### Data for the task
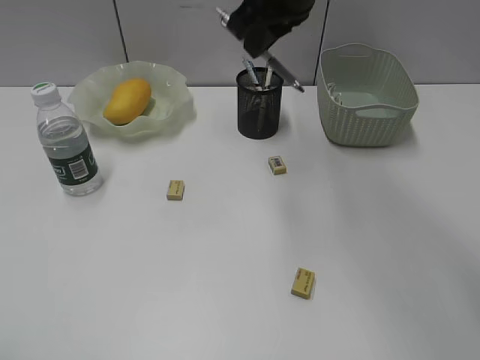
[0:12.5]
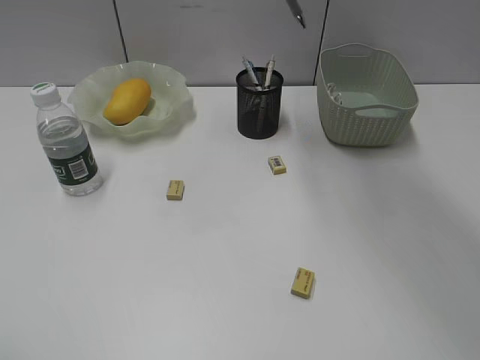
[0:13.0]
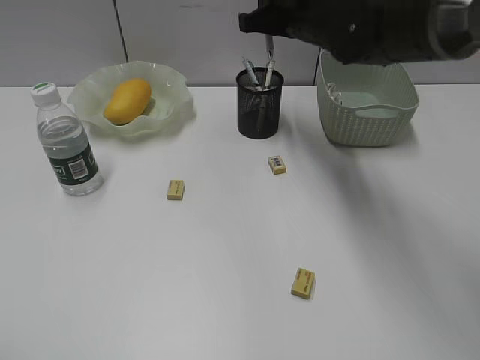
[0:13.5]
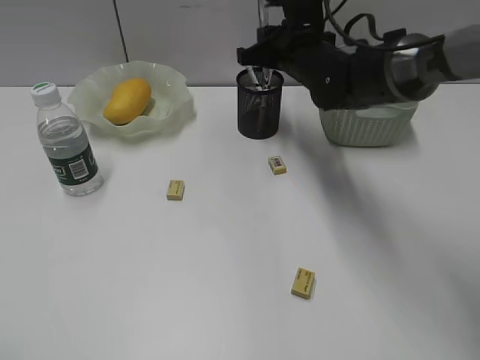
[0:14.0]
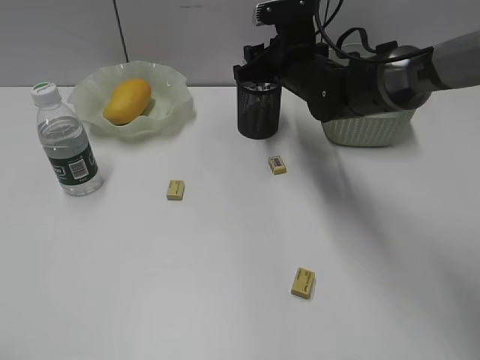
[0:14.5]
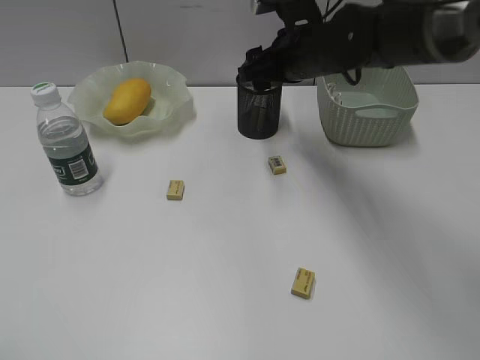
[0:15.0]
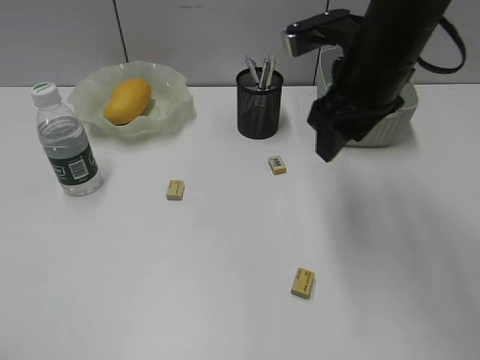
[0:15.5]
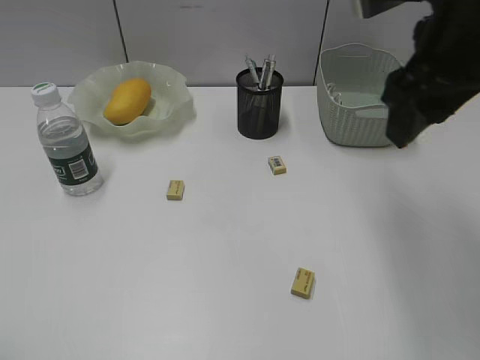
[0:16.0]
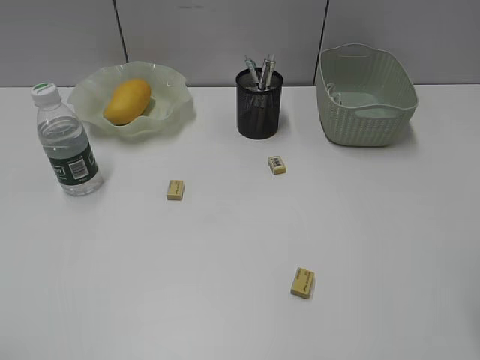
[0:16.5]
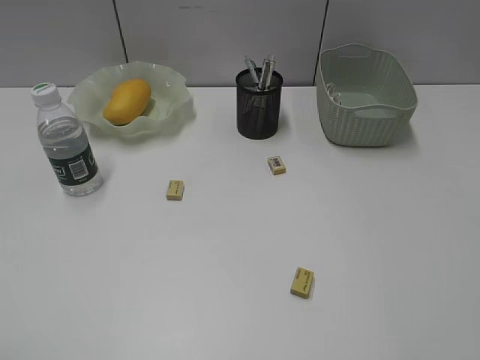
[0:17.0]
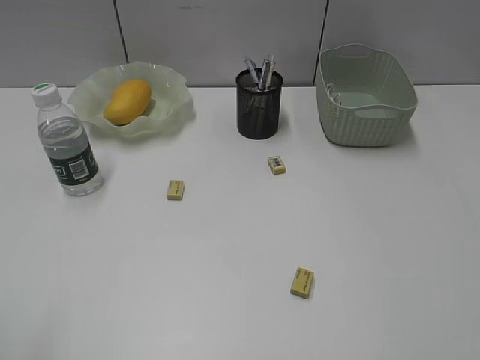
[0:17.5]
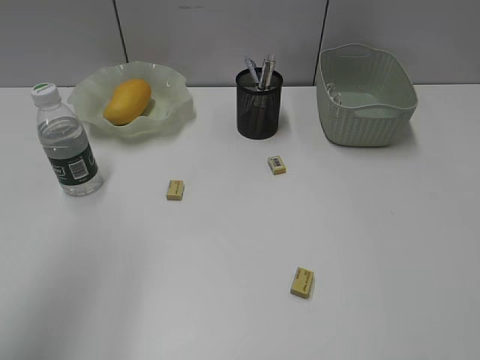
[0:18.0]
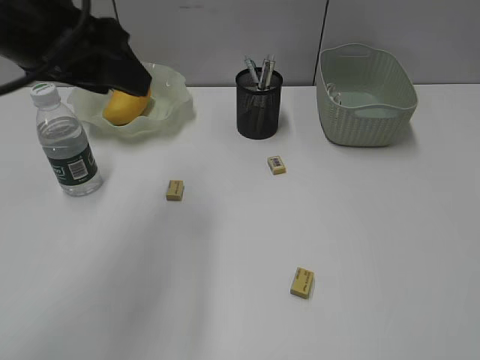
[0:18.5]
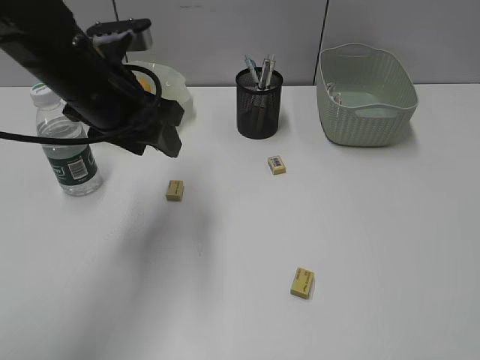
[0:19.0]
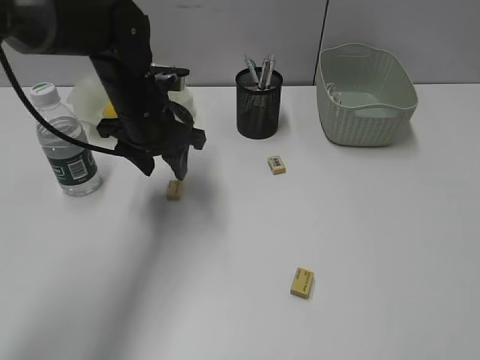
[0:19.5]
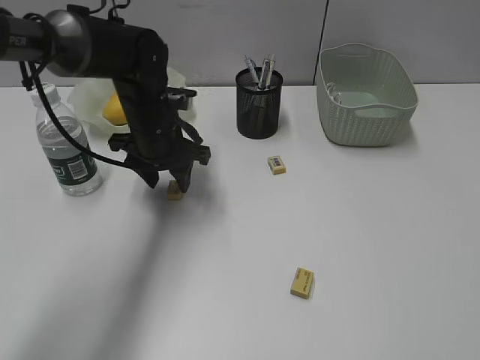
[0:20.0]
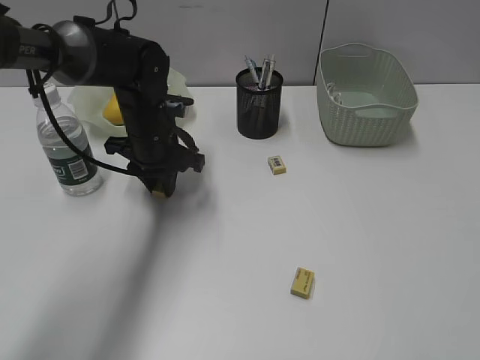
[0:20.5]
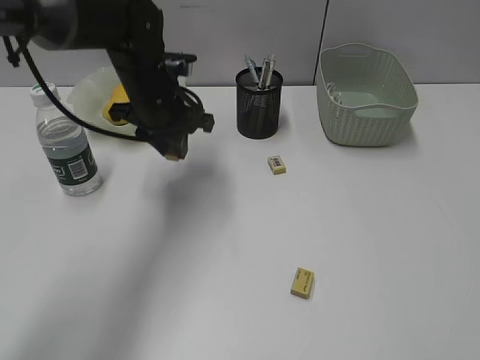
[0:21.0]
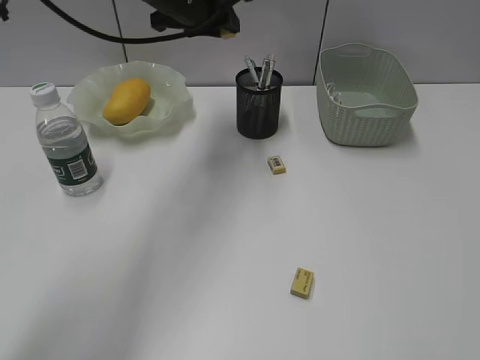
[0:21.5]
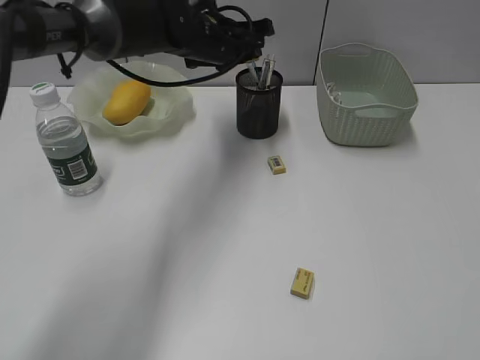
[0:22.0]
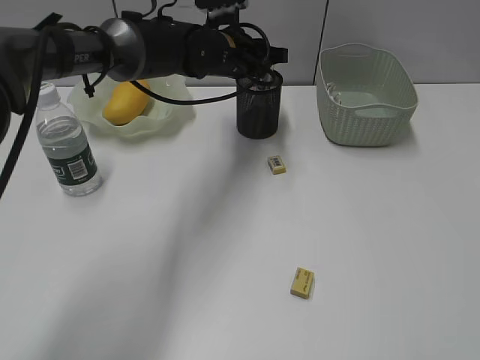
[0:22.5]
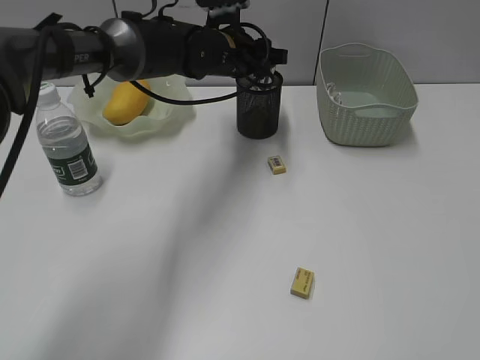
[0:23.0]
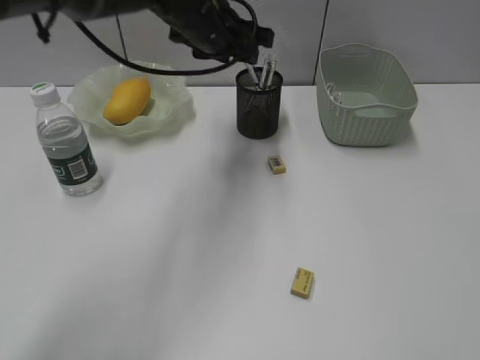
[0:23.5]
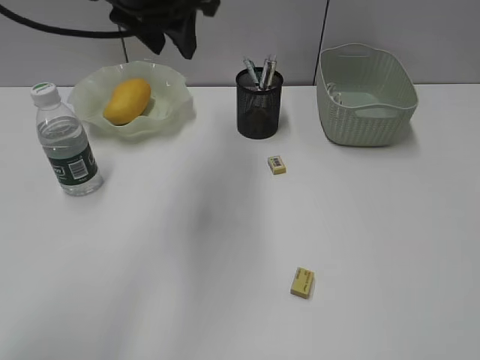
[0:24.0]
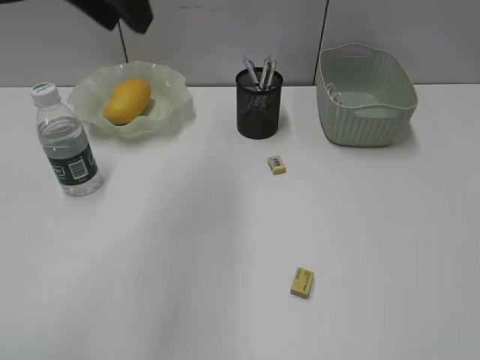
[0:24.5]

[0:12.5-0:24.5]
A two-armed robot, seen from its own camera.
Step, 0:12.5 to 0:14.5: Place the gray pen in pen holder with right gripper.
Step, 0:15.0 to 0:20.5: Grasp the eraser with left gripper.
Step, 0:21.0 to 0:23.0: Place the eraser in pen holder with left gripper.
0:12.5 to 0:14.5: The right gripper goes approximately 15 cm downward and forward, and opens.
0:14.5 to 0:16.5: The right gripper heads backward, upward and to the right, covering approximately 40 cm.
0:16.5 to 0:18.5: The left gripper heads forward and to the right, covering some 30 cm; the right gripper moves backward and to the right, some 15 cm.
0:18.5 to 0:20.5: The left gripper goes roughly 25 cm downward and forward, and closes.
0:20.5 to 0:22.5: The left gripper heads to the right, forward and upward, covering some 15 cm.
0:22.5 to 0:24.5: The left gripper shifts about 30 cm upward, backward and to the left.

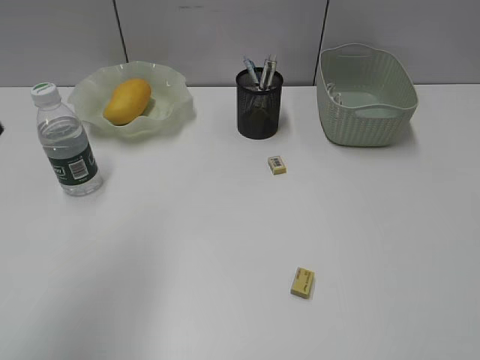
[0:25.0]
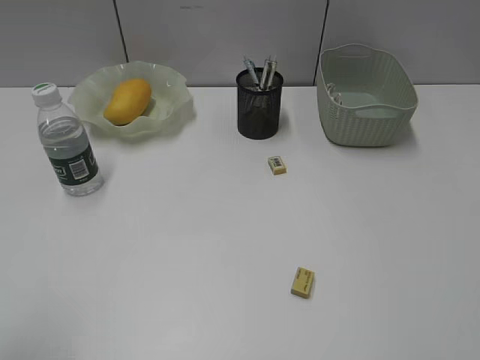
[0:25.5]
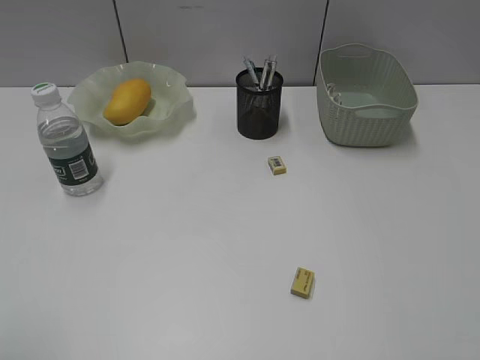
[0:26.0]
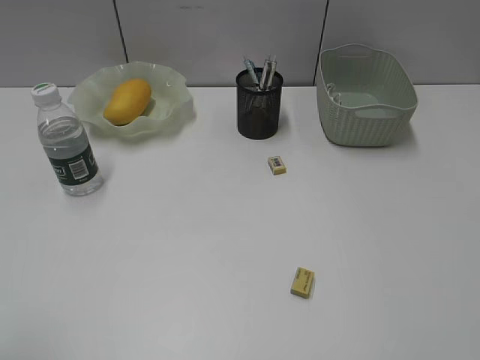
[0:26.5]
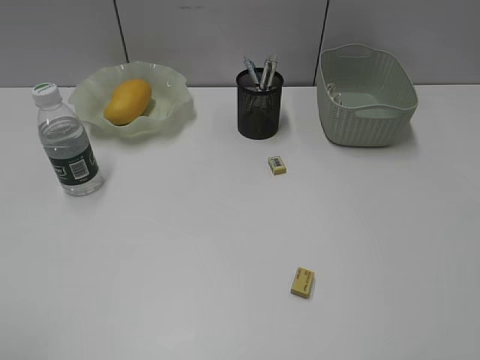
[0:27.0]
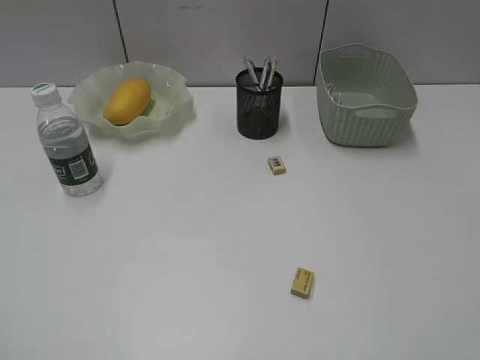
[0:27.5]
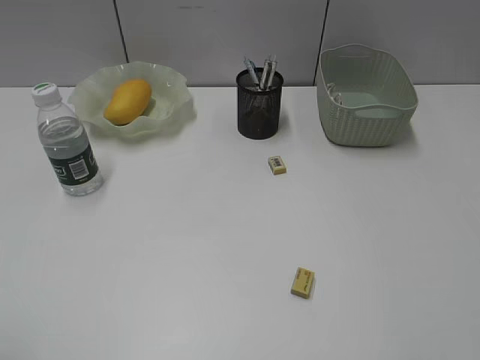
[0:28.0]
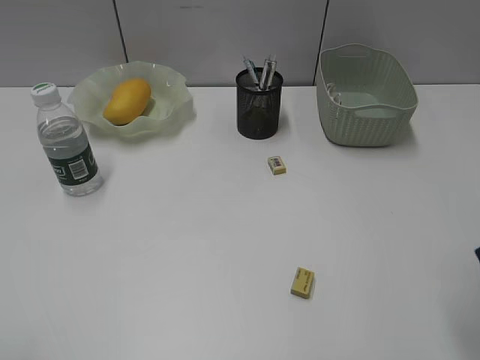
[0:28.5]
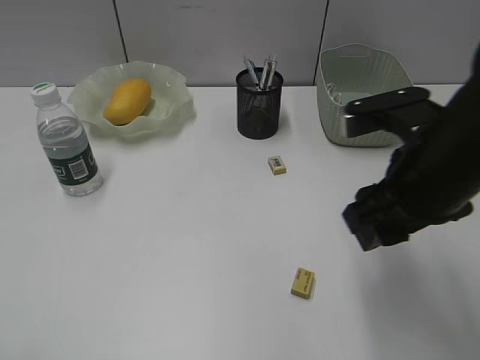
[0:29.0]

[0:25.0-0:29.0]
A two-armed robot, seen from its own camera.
0:25.0 to 0:27.0: The left gripper heads backward, to the left and downward, covering about 20 cm.
0:27.0 to 0:29.0: The right gripper shifts some 25 cm forward and to the left.

### Work to be completed
Every entry above has to be repeated exactly, apart from its pictures.

### Problem solution
[0:12.5]
[0:13.0]
[0:13.5]
[0:14.0]
[0:14.5]
[0:15.0]
[0:15.5]
[0:16.0]
[0:16.5]
[0:17.0]
[0:17.5]
[0:18.0]
[0:18.5]
[0:19.0]
[0:19.5]
[0:20.0]
[0:20.5]
[0:21.0]
[0:21.5]
[0:22.0]
[0:22.5]
[0:23.0]
[0:23.5]
[0:24.0]
[0:24.5]

[0:12.5-0:24.5]
A two-armed robot, seen from its own camera.
Step, 0:12.5 to 0:14.5: Place the gray pen in pen holder with right gripper.
Step, 0:15.0 to 0:20.5: Grasp the eraser with left gripper.
Step, 0:21.0 to 0:23.0: Place the eraser in pen holder with left gripper.
0:12.5 to 0:14.5: The right gripper goes approximately 15 cm downward and forward, and opens.
0:14.5 to 0:16.5: The right gripper heads backward, upward and to the right, covering approximately 40 cm.
0:16.5 to 0:18.5: The left gripper heads forward and to the right, covering some 30 cm; the right gripper moves backward and to the right, some 15 cm.
0:18.5 to 0:20.5: The left gripper goes roughly 25 cm downward and forward, and closes.
0:20.5 to 0:22.5: The left gripper heads to the right, forward and upward, covering some 15 cm.
0:22.5 to 0:24.5: The left gripper shifts about 30 cm upward, backward and to the left.

[0:25.0]
[0:25.5]
[0:26.0]
[0:26.5]
[0:27.0]
[0:27.5]
[0:28.0]
[0:28.5]
[0:29.0]

[0:25.0-0:29.0]
A two-armed robot, seen from its own camera.
0:25.0 to 0:27.0: The left gripper heads backward, to the left and downward, covering about 20 cm.
0:27.0 to 0:29.0: The right gripper shifts some 25 cm forward and to the left.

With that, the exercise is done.